AudioUtils
Audio Glossary

What Is Audio Dithering? Definition and Guide

Dithering is a small amount of noise added to audio when reducing bit depth. This sounds counterintuitive — adding noise to improve quality — but it works. Without dithering, reducing from 24-bit to 16-bit produces subtle distortion that is more unpleasant than the noise dithering introduces.

Why Bit Depth Reduction Causes Problems

Digital audio represents amplitude as numbers. At 24-bit, you have 16,777,216 possible amplitude values. At 16-bit (CD quality), you have 65,536. When you reduce bit depth, you must round each sample to the nearest available value. This rounding introduces quantization error — the difference between the original value and the rounded value. At normal listening levels, quantization error is inaudible. But in very quiet passages — the tail of a reverb, a faded ending, near silence — the error becomes a significant fraction of the signal. The result is quantization distortion: a harsh, buzzing artifact that is clearly artificial.

How Dithering Works

Dithering adds a tiny amount of random noise before quantization. This noise randomizes the rounding errors instead of letting them accumulate into patterns. Random noise is perceptually less objectionable than patterned quantization distortion — the ear accepts noise as natural, while it rejects the repeating artifacts of undithered quantization. The noise is typically added at the threshold of audibility — around -90 to -96 dBFS for 16-bit audio. Shaped dithering (like TPDF or noise shaping curves) pushes the dither noise into frequencies where hearing is least sensitive, usually above 10 kHz, making it even less perceptible.

Types of Dithering

RPDF (Rectangular Probability Density Function): Simple random noise. Reduces quantization distortion but adds flat-spectrum noise. TPDF (Triangular Probability Density Function): Two layers of RPDF. Better error decorrelation. The standard for most mastering applications. Noise-shaped dithering: Applies a filter to concentrate dither noise in less audible frequency ranges. Common implementations include POW-r (three levels of noise shaping) and UV22 from Apogee.

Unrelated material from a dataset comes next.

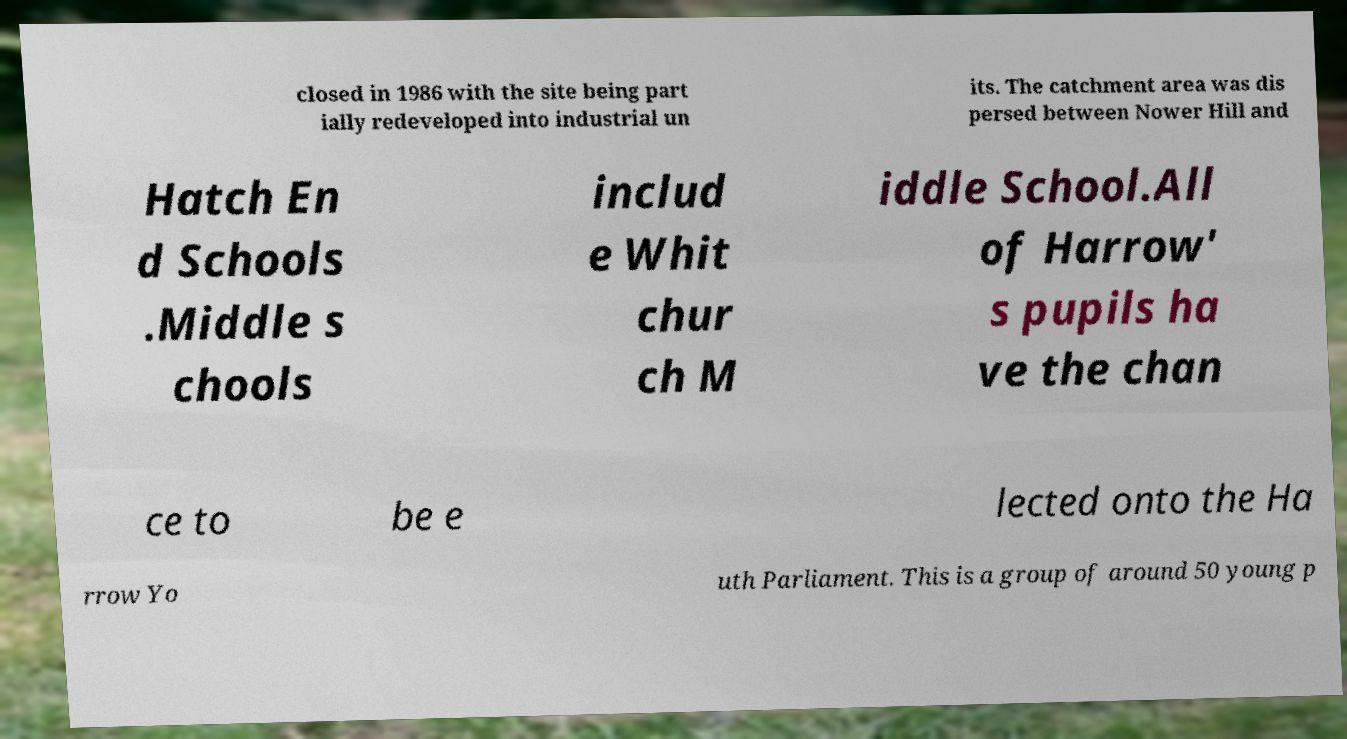Could you extract and type out the text from this image? closed in 1986 with the site being part ially redeveloped into industrial un its. The catchment area was dis persed between Nower Hill and Hatch En d Schools .Middle s chools includ e Whit chur ch M iddle School.All of Harrow' s pupils ha ve the chan ce to be e lected onto the Ha rrow Yo uth Parliament. This is a group of around 50 young p 
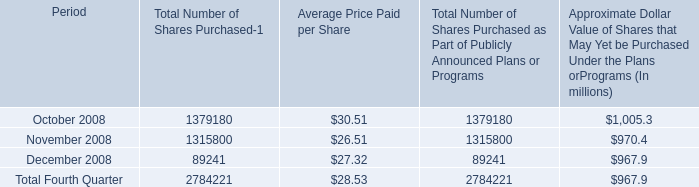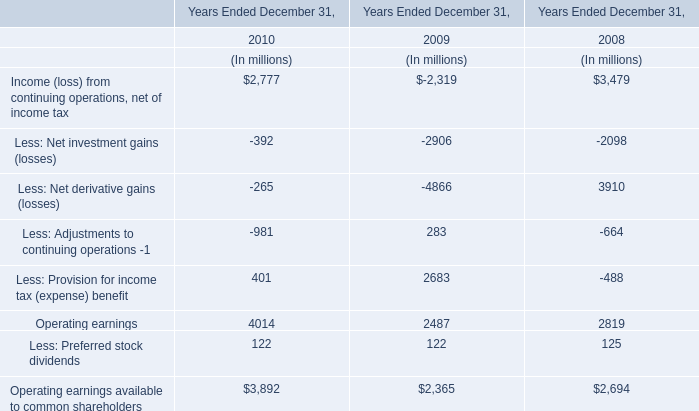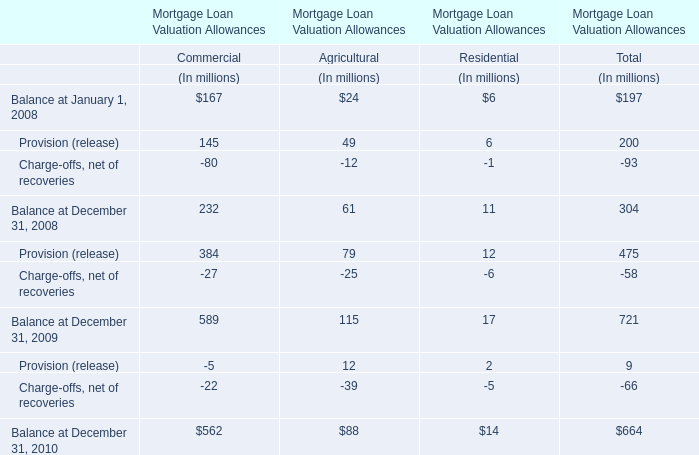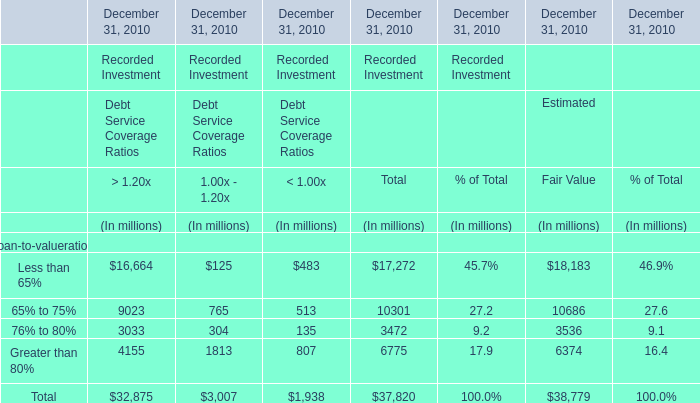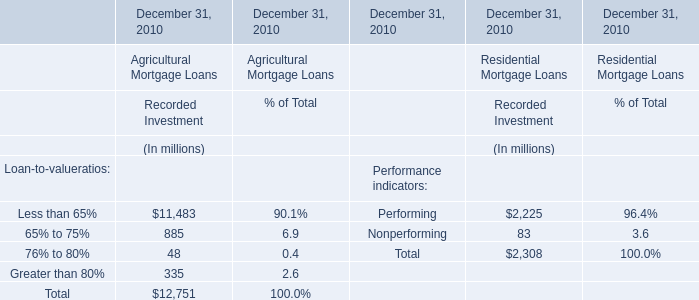What is the percentage of all elements that are positive to the total amount, in Estimated? 
Computations: ((((18183 + 10686) + 3536) + 6374) / 38779)
Answer: 1.0.

Noise shaping can reduce perceived noise by 6-10 dB compared to flat-spectrum TPDF. Most DAW dithering options include TPDF and at least one noise-shaped option.

When to Apply Dithering

Apply dithering exactly once: at the final export step when reducing bit depth. Specifically: when going from 24-bit or 32-bit float internal processing to 16-bit for CD or distribution. Never dither in the middle of a session. Never dither when exporting to 24-bit — there is no bit depth reduction happening. Never dither multiple times — it adds noise unnecessarily. In your DAW, enable dithering in the export or bounce dialog. In Pro Tools, select Pow-r or UV22HR. In Logic Pro, select the dither setting in the Export dialog. In Ableton Live, use the Dither setting in Export. AudioUtils applies appropriate dithering automatically when the output format requires a bit depth reduction.

Dithering in Practical Audio Work

Most listeners cannot consciously identify undithered quantization noise in real-world listening conditions. But mastering engineers and experienced listeners notice it in A/B comparisons, especially on classical music, acoustic recordings, and anything with long, quiet decay tails. For casual conversions — voice memos, podcast exports, video game audio — the difference is academic. For commercial music releases, vinyl transfers, and archival masters destined for CD, always apply dithering at the 16-bit export stage. When converting audio files with AudioUtils for distribution, dithering is handled transparently. You do not need to think about it unless you are mastering for CD.